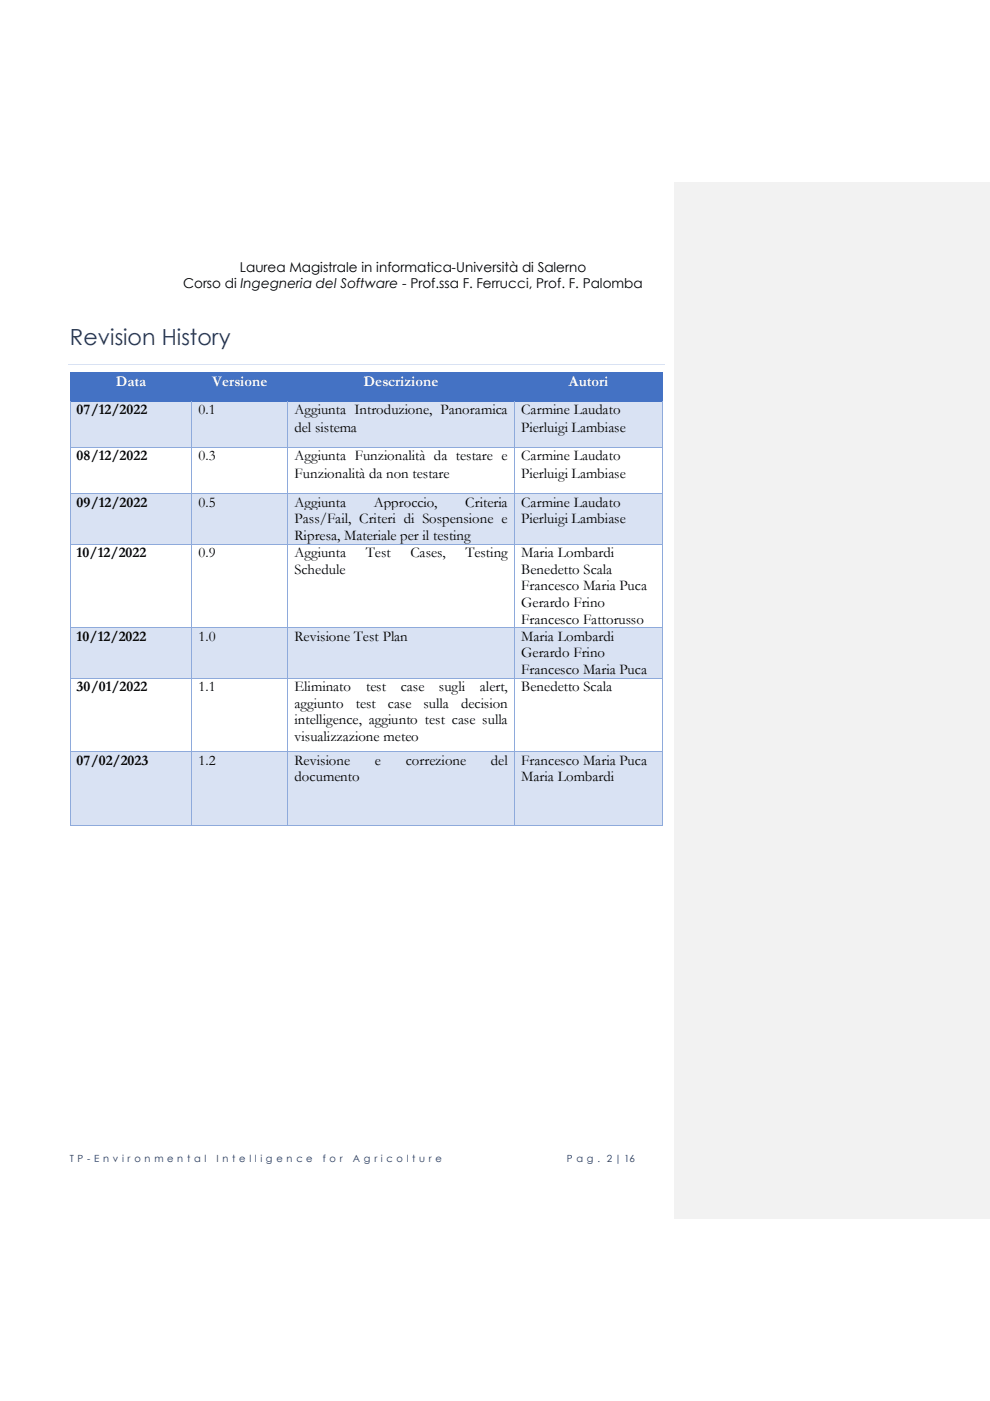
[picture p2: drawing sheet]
<svg xmlns="http://www.w3.org/2000/svg" width="210mm" height="297mm" viewBox="0 0 210 297" stroke-linecap="round" stroke-linejoin="round" font-family="sans-serif">
<defs><g id="words">
<text font-size="4.7" fill="#1f3864" x="14.8" y="73.2">Revision History</text>
<g font-size="3.1" fill="#fff">
<text x="24.5" y="81.8">Data</text>
<text x="45" y="81.8">Versione</text>
<text x="77.1" y="81.8">Descrizione</text>
<text x="120.7" y="81.8">Autori</text>
</g>
<g font-size="3.1">
<text x="16.2" y="87.8">07/12/2022</text>
<text x="42.1" y="87.8">0.1</text>
<text x="62.5" y="87.8">Aggiunta Introduzione, Panoramica</text>
<text x="110.5" y="87.8">Carmine Laudato</text>
<text x="62.5" y="91.6">del sistema</text>
<text x="110.5" y="91.6">Pierluigi Lambiase</text>
<text x="16.2" y="97.6">08/12/2022</text>
<text x="42.1" y="97.6">0.3</text>
<text x="62.5" y="97.6">Aggiunta Funzionalità da testare e</text>
<text x="62.5" y="101.4">Funzionalità da non testare</text>
<text x="110.5" y="97.6">Carmine Laudato</text>
<text x="110.5" y="101.4">Pierluigi Lambiase</text>
<text x="16.2" y="107.4">09/12/2022</text>
<text x="42.1" y="107.4">0.5</text>
<text x="62.5" y="107.4">Aggiunta</text>
<text x="79.3" y="107.4">Approccio,</text>
<text x="98.7" y="107.4">Criteria</text>
<text x="110.5" y="107.4">Carmine Laudato</text>
<text x="62.5" y="110.9">Pass/Fail, Criteri di Sospensione e</text>
<text x="110.5" y="110.9">Pierluigi Lambiase</text>
<text x="16.2" y="118.1">10/12/2022</text>
<text x="42.1" y="118.1">0.9</text>
<text x="62.5" y="114.5">Ripresa, Materiale per il testing</text>
<text x="62.5" y="118.1">Aggiunta</text>
<text x="77.6" y="118.1">Test</text>
<text x="87" y="118.1">Cases,</text>
<text x="98.7" y="118.1">Testing</text>
<text x="110.5" y="118.1">Maria Lombardi</text>
<text x="62.5" y="121.6">Schedule</text>
<text x="110.5" y="121.6">Benedetto Scala</text>
<text x="110.5" y="125.2">Francesco Maria Puca</text>
<text x="110.5" y="128.7">Gerardo Frino</text>
<text x="16.2" y="135.9">10/12/2022</text>
<text x="42.1" y="135.9">1.0</text>
<text x="62.5" y="135.9">Revisione Test Plan</text>
<text x="110.5" y="132.2">Francesco Fattorusso</text>
<text x="110.5" y="135.9">Maria Lombardi</text>
<text x="110.5" y="139.4">Gerardo Frino</text>
<text x="110.5" y="142.9">Francesco Maria Puca</text>
<text x="16.2" y="146.6">30/01/2022</text>
<text x="42.1" y="146.6">1.1</text>
<text x="62.5" y="146.6">Eliminato</text>
<text x="77.6" y="146.6">test</text>
<text x="85" y="146.6">case</text>
<text x="93.1" y="146.6">sugli</text>
<text x="101.8" y="146.6">alert,</text>
<text x="110.5" y="146.6">Benedetto Scala</text>
<text x="62.5" y="150.1">aggiunto</text>
<text x="62.5" y="153.6">intelligence, aggiunto test case sulla</text>
<text x="75.5" y="150.1">test</text>
<text x="82.3" y="150.1">case</text>
<text x="89.9" y="150.1">sulla</text>
<text x="97.8" y="150.1">decision</text>
<text x="62.5" y="157.1">visualizzazione meteo</text>
<text x="16.2" y="162.2">07/02/2023</text>
<text x="42.1" y="162.2">1.2</text>
<text x="62.5" y="162.2">Revisione</text>
<text x="62.5" y="165.7">documento</text>
<text x="79.5" y="162.2">e</text>
<text x="86.1" y="162.2">correzione</text>
<text x="104.1" y="162.2">del</text>
<text x="110.5" y="162.2">Francesco Maria Puca</text>
<text x="110.5" y="165.7">Maria Lombardi</text>
</g>
<g font-size="2.9">
<text x="50.9" y="57.7">Laurea Magistrale in informatica-Università di Salerno</text>
<text x="38.8" y="61.1">Corso di Ingegneria del Software - Prof.ssa F. Ferrucci, Prof. F. Palomba</text>
</g>
<g font-size="2.1" fill="#1f3864">
<text x="14.8" y="246.4">T P - E n v i r o n m e n t a l</text>
<text x="45.9" y="246.4">I n t e l l i g e n c e</text>
<text x="68.5" y="246.4">f o r</text>
<text x="74.9" y="246.4">A g r i c o l t u r e</text>
<text x="120.3" y="246.4">P a g . 2 | 16</text>
</g>
</g></defs>
<path d="M142.9 38.6h67.1v219.8h-67.1z" fill-rule="evenodd" fill="#f2f2f2"/>
<path d="M14.4 77.4h126.6" fill="none" stroke="#d9e2f3" stroke-width=".21"/>
<g fill="#4472c4">
<path d="M14.9 79.1h25.8v5.9h-25.8z" fill-rule="evenodd"/>
<path d="M16.2 79.1h23.1v5.9h-23.1z" fill-rule="evenodd"/>
<path d="M40.7 79.1h20.4v5.9h-20.4z" fill-rule="evenodd"/>
<path d="M42.1 79.1h17.5v5.9h-17.5z" fill-rule="evenodd"/>
<path d="M61.1 79.1h48v5.9h-48z" fill-rule="evenodd"/>
<path d="M62.5 79.1h45.2v5.9h-45.2z" fill-rule="evenodd"/>
<path d="M109.1 79.1h31.3v5.9h-31.3z" fill-rule="evenodd"/>
<path d="M110.5 79.1h28.6v5.9h-28.6z" fill-rule="evenodd"/>
<path d="M14.8 79l.1 .1z" fill-rule="evenodd"/>
<path d="M14.8 79l.1 .1z" fill-rule="evenodd"/>
</g>
<path d="M14.9 79h25.8" fill="none" stroke="#4472c4" stroke-width=".21"/>
<path d="M40.7 79l.2 .1z" fill-rule="evenodd" fill="#4472c4"/>
<path d="M40.9 79h20.2" fill="none" stroke="#4472c4" stroke-width=".21"/>
<path d="M61.1 79l.1 .1z" fill-rule="evenodd" fill="#4472c4"/>
<path d="M61.2 79h47.9" fill="none" stroke="#4472c4" stroke-width=".21"/>
<path d="M109.1 79l.1 .1z" fill-rule="evenodd" fill="#4472c4"/>
<path d="M109.2 79h31.3" fill="none" stroke="#4472c4" stroke-width=".21"/>
<g fill="#4472c4">
<path d="M140.5 79l.1 .1z" fill-rule="evenodd"/>
<path d="M140.5 79l.1 .1z" fill-rule="evenodd"/>
</g>
<path d="M14.9 79.1v5.9M140.6 79.1v5.9" fill="none" stroke="#4472c4" stroke-width=".21"/>
<g fill="#d9e2f3">
<path d="M14.9 85.1h25.8v9.7h-25.8z" fill-rule="evenodd"/>
<path d="M16.2 85.1h23.1v5.9h-23.1z" fill-rule="evenodd"/>
<path d="M40.8 85.1h20.2v9.7h-20.2z" fill-rule="evenodd"/>
<path d="M42.1 85.1h17.5v5.9h-17.5z" fill-rule="evenodd"/>
<path d="M61.1 85.1h47.9v9.7h-47.9z" fill-rule="evenodd"/>
<path d="M62.5 85.1h45.2v3.8h-45.2z" fill-rule="evenodd"/>
<path d="M62.5 88.9h45.2v5.9h-45.2z" fill-rule="evenodd"/>
<path d="M109.2 85.1h31.2v9.7h-31.2z" fill-rule="evenodd"/>
<path d="M110.5 85.1h28.6v3.8h-28.6z" fill-rule="evenodd"/>
<path d="M110.5 88.9h28.6v3.8h-28.6z" fill-rule="evenodd"/>
</g>
<path d="M14.8 85l.1 .1z" fill-rule="evenodd" fill="#4472c4"/>
<path d="M14.9 85h25.8" fill="none" stroke="#4472c4" stroke-width=".21"/>
<g fill="#4472c4">
<path d="M40.7 85l.1 .1z" fill-rule="evenodd"/>
<path d="M40.8 85l.1 .1z" fill-rule="evenodd"/>
</g>
<path d="M40.9 85h20.1" fill="none" stroke="#4472c4" stroke-width=".21"/>
<g fill="#4472c4">
<path d="M61 85l.1 .1z" fill-rule="evenodd"/>
<path d="M61.1 85l.2 .1z" fill-rule="evenodd"/>
</g>
<path d="M61.3 85h47.7" fill="none" stroke="#4472c4" stroke-width=".21"/>
<g fill="#4472c4">
<path d="M109 85l.2 .1z" fill-rule="evenodd"/>
<path d="M109.2 85l.1 .1z" fill-rule="evenodd"/>
</g>
<path d="M109.3 85h31.2" fill="none" stroke="#4472c4" stroke-width=".21"/>
<path d="M140.5 85l.1 .1z" fill-rule="evenodd" fill="#4472c4"/>
<path d="M14.9 85.1v9.7M40.7 85.1v9.7M61.1 85.1v9.7M109.1 85.1v9.7M140.6 85.1v9.7" fill="none" stroke="#8eaadb" stroke-width=".21"/>
<path d="M14.8 94.8l.1 .2z" fill-rule="evenodd" fill="#8eaadb"/>
<path d="M14.9 94.9h25.8" fill="none" stroke="#8eaadb" stroke-width=".21"/>
<path d="M40.7 94.8l.1 .2z" fill-rule="evenodd" fill="#8eaadb"/>
<path d="M40.8 94.9h20.2" fill="none" stroke="#8eaadb" stroke-width=".21"/>
<path d="M61 94.8l.1 .2z" fill-rule="evenodd" fill="#8eaadb"/>
<path d="M61.1 94.9h47.9" fill="none" stroke="#8eaadb" stroke-width=".21"/>
<path d="M109 94.8l.2 .2z" fill-rule="evenodd" fill="#8eaadb"/>
<path d="M109.2 94.9h31.3" fill="none" stroke="#8eaadb" stroke-width=".21"/>
<path d="M140.5 94.8l.1 .2z" fill-rule="evenodd" fill="#8eaadb"/>
<path d="M14.9 95v9.6M40.7 95v9.6M61.1 95v9.6M109.1 95v9.6M140.6 95v9.6" fill="none" stroke="#8eaadb" stroke-width=".21"/>
<g fill="#d9e2f3">
<path d="M14.9 104.7h25.8v10.6h-25.8z" fill-rule="evenodd"/>
<path d="M16.2 104.7h23.1v3.6h-23.1z" fill-rule="evenodd"/>
<path d="M40.8 104.7h20.2v10.6h-20.2z" fill-rule="evenodd"/>
<path d="M42.1 104.7h17.5v3.6h-17.5z" fill-rule="evenodd"/>
<path d="M61.1 104.7h47.9v10.6h-47.9z" fill-rule="evenodd"/>
<path d="M62.5 104.7h45.2v3.6h-45.2z" fill-rule="evenodd"/>
<path d="M62.5 108.3h45.2v3.5h-45.2z" fill-rule="evenodd"/>
<path d="M62.5 111.8h45.2v3.5h-45.2z" fill-rule="evenodd"/>
<path d="M109.2 104.7h31.2v10.6h-31.2z" fill-rule="evenodd"/>
<path d="M110.5 104.7h28.6v3.6h-28.6z" fill-rule="evenodd"/>
<path d="M110.5 108.3h28.6v3.5h-28.6z" fill-rule="evenodd"/>
</g>
<path d="M14.8 104.6l.1 .1z" fill-rule="evenodd" fill="#8eaadb"/>
<path d="M14.9 104.7h25.8" fill="none" stroke="#8eaadb" stroke-width=".21"/>
<path d="M40.7 104.6l.1 .1z" fill-rule="evenodd" fill="#8eaadb"/>
<path d="M40.8 104.7h20.2" fill="none" stroke="#8eaadb" stroke-width=".21"/>
<path d="M61 104.6l.1 .1z" fill-rule="evenodd" fill="#8eaadb"/>
<path d="M61.1 104.7h47.9" fill="none" stroke="#8eaadb" stroke-width=".21"/>
<path d="M109 104.6l.2 .1z" fill-rule="evenodd" fill="#8eaadb"/>
<path d="M109.2 104.7h31.3" fill="none" stroke="#8eaadb" stroke-width=".21"/>
<path d="M140.5 104.6l.1 .1z" fill-rule="evenodd" fill="#8eaadb"/>
<path d="M14.9 104.7v10.6M40.7 104.7v10.6M61.1 104.7v10.6M109.1 104.7v10.6M140.6 104.7v10.6" fill="none" stroke="#8eaadb" stroke-width=".21"/>
<path d="M14.8 115.3l.1 .1z" fill-rule="evenodd" fill="#8eaadb"/>
<path d="M14.9 115.4h25.8" fill="none" stroke="#8eaadb" stroke-width=".21"/>
<path d="M40.7 115.3l.1 .1z" fill-rule="evenodd" fill="#8eaadb"/>
<path d="M40.8 115.4h20.2" fill="none" stroke="#8eaadb" stroke-width=".21"/>
<path d="M61 115.3l.1 .1z" fill-rule="evenodd" fill="#8eaadb"/>
<path d="M61.1 115.4h47.9" fill="none" stroke="#8eaadb" stroke-width=".21"/>
<path d="M109 115.3l.2 .1z" fill-rule="evenodd" fill="#8eaadb"/>
<path d="M109.2 115.4h31.3" fill="none" stroke="#8eaadb" stroke-width=".21"/>
<path d="M140.5 115.3l.1 .1z" fill-rule="evenodd" fill="#8eaadb"/>
<path d="M14.9 115.4v17.7M40.7 115.4v17.7M61.1 115.4v17.7M109.1 115.4v17.7M140.6 115.4v17.7" fill="none" stroke="#8eaadb" stroke-width=".21"/>
<g fill="#d9e2f3">
<path d="M14.9 133.2h25.8v10.5h-25.8z" fill-rule="evenodd"/>
<path d="M16.2 133.2h23.1v3.5h-23.1z" fill-rule="evenodd"/>
<path d="M40.8 133.2h20.2v10.5h-20.2z" fill-rule="evenodd"/>
<path d="M42.1 133.2h17.5v3.5h-17.5z" fill-rule="evenodd"/>
<path d="M61.1 133.2h47.9v10.5h-47.9z" fill-rule="evenodd"/>
<path d="M62.5 133.2h45.2v3.5h-45.2z" fill-rule="evenodd"/>
<path d="M109.2 133.2h31.2v10.5h-31.2z" fill-rule="evenodd"/>
<path d="M110.5 133.2h28.6v3.5h-28.6z" fill-rule="evenodd"/>
<path d="M110.5 136.7h28.6v3.5h-28.6z" fill-rule="evenodd"/>
<path d="M110.5 140.2h28.6v3.5h-28.6z" fill-rule="evenodd"/>
</g>
<path d="M14.8 133l.1 .2z" fill-rule="evenodd" fill="#8eaadb"/>
<path d="M14.9 133.1h25.8" fill="none" stroke="#8eaadb" stroke-width=".21"/>
<path d="M40.7 133l.1 .2z" fill-rule="evenodd" fill="#8eaadb"/>
<path d="M40.8 133.1h20.2" fill="none" stroke="#8eaadb" stroke-width=".21"/>
<path d="M61 133l.1 .2z" fill-rule="evenodd" fill="#8eaadb"/>
<path d="M61.1 133.1h47.9" fill="none" stroke="#8eaadb" stroke-width=".21"/>
<path d="M109 133l.2 .2z" fill-rule="evenodd" fill="#8eaadb"/>
<path d="M109.2 133.1h31.3" fill="none" stroke="#8eaadb" stroke-width=".21"/>
<path d="M140.5 133l.1 .2z" fill-rule="evenodd" fill="#8eaadb"/>
<path d="M14.9 133.2v10.5M40.7 133.2v10.5M61.1 133.2v10.5M109.1 133.2v10.5M140.6 133.2v10.5" fill="none" stroke="#8eaadb" stroke-width=".21"/>
<path d="M14.8 143.7l.1 .2z" fill-rule="evenodd" fill="#8eaadb"/>
<path d="M14.9 143.8h25.8" fill="none" stroke="#8eaadb" stroke-width=".21"/>
<path d="M40.7 143.7l.1 .2z" fill-rule="evenodd" fill="#8eaadb"/>
<path d="M40.8 143.8h20.2" fill="none" stroke="#8eaadb" stroke-width=".21"/>
<path d="M61 143.7l.1 .2z" fill-rule="evenodd" fill="#8eaadb"/>
<path d="M61.1 143.8h47.9" fill="none" stroke="#8eaadb" stroke-width=".21"/>
<path d="M109 143.7l.2 .2z" fill-rule="evenodd" fill="#8eaadb"/>
<path d="M109.2 143.8h31.3" fill="none" stroke="#8eaadb" stroke-width=".21"/>
<path d="M140.5 143.7l.1 .2z" fill-rule="evenodd" fill="#8eaadb"/>
<path d="M14.9 143.9v15.4M40.7 143.9v15.4M61.1 143.9v15.4M109.1 143.9v15.4M140.6 143.9v15.4" fill="none" stroke="#8eaadb" stroke-width=".21"/>
<g fill="#d9e2f3">
<path d="M14.9 159.5h25.8v15.4h-25.8z" fill-rule="evenodd"/>
<path d="M16.2 159.5h23.1v3.5h-23.1z" fill-rule="evenodd"/>
<path d="M40.8 159.5h20.2v15.4h-20.2z" fill-rule="evenodd"/>
<path d="M42.1 159.5h17.5v3.5h-17.5z" fill-rule="evenodd"/>
<path d="M61.1 159.5h47.9v15.4h-47.9z" fill-rule="evenodd"/>
<path d="M62.5 159.5h45.2v3.5h-45.2z" fill-rule="evenodd"/>
<path d="M62.5 163h45.2v3.5h-45.2z" fill-rule="evenodd"/>
<path d="M109.2 159.5h31.2v15.4h-31.2z" fill-rule="evenodd"/>
<path d="M110.5 159.5h28.6v3.5h-28.6z" fill-rule="evenodd"/>
<path d="M110.5 163h28.6v3.5h-28.6z" fill-rule="evenodd"/>
</g>
<path d="M14.8 159.3l.1 .2z" fill-rule="evenodd" fill="#8eaadb"/>
<path d="M14.9 159.4h25.8" fill="none" stroke="#8eaadb" stroke-width=".21"/>
<path d="M40.7 159.3l.1 .2z" fill-rule="evenodd" fill="#8eaadb"/>
<path d="M40.8 159.4h20.2" fill="none" stroke="#8eaadb" stroke-width=".21"/>
<path d="M61 159.3l.1 .2z" fill-rule="evenodd" fill="#8eaadb"/>
<path d="M61.1 159.4h47.9" fill="none" stroke="#8eaadb" stroke-width=".21"/>
<path d="M109 159.3l.2 .2z" fill-rule="evenodd" fill="#8eaadb"/>
<path d="M109.2 159.4h31.3" fill="none" stroke="#8eaadb" stroke-width=".21"/>
<path d="M140.5 159.3l.1 .2z" fill-rule="evenodd" fill="#8eaadb"/>
<path d="M14.9 159.5v15.4" fill="none" stroke="#8eaadb" stroke-width=".21"/>
<g fill="#8eaadb">
<path d="M14.8 174.9l.1 .2z" fill-rule="evenodd"/>
<path d="M14.8 174.9l.1 .2z" fill-rule="evenodd"/>
</g>
<path d="M40.7 159.5v15.4M14.9 175h25.8" fill="none" stroke="#8eaadb" stroke-width=".21"/>
<path d="M40.7 174.9l.1 .2z" fill-rule="evenodd" fill="#8eaadb"/>
<path d="M61.1 159.5v15.4M40.8 175h20.2" fill="none" stroke="#8eaadb" stroke-width=".21"/>
<path d="M61 174.9l.1 .2z" fill-rule="evenodd" fill="#8eaadb"/>
<path d="M109.1 159.5v15.4M61.1 175h47.9" fill="none" stroke="#8eaadb" stroke-width=".21"/>
<path d="M109 174.9l.2 .2z" fill-rule="evenodd" fill="#8eaadb"/>
<path d="M140.6 159.5v15.4M109.2 175h31.3" fill="none" stroke="#8eaadb" stroke-width=".21"/>
<g fill="#8eaadb">
<path d="M140.5 174.9l.1 .2z" fill-rule="evenodd"/>
<path d="M140.5 174.9l.1 .2z" fill-rule="evenodd"/>
</g>
<use href="#words"/>
</svg>
────────
**AIM OF THE TASK**.
The answer must be a single number: how many lines of the records contain the string "Lombardi".

**TASK RESULT**.
3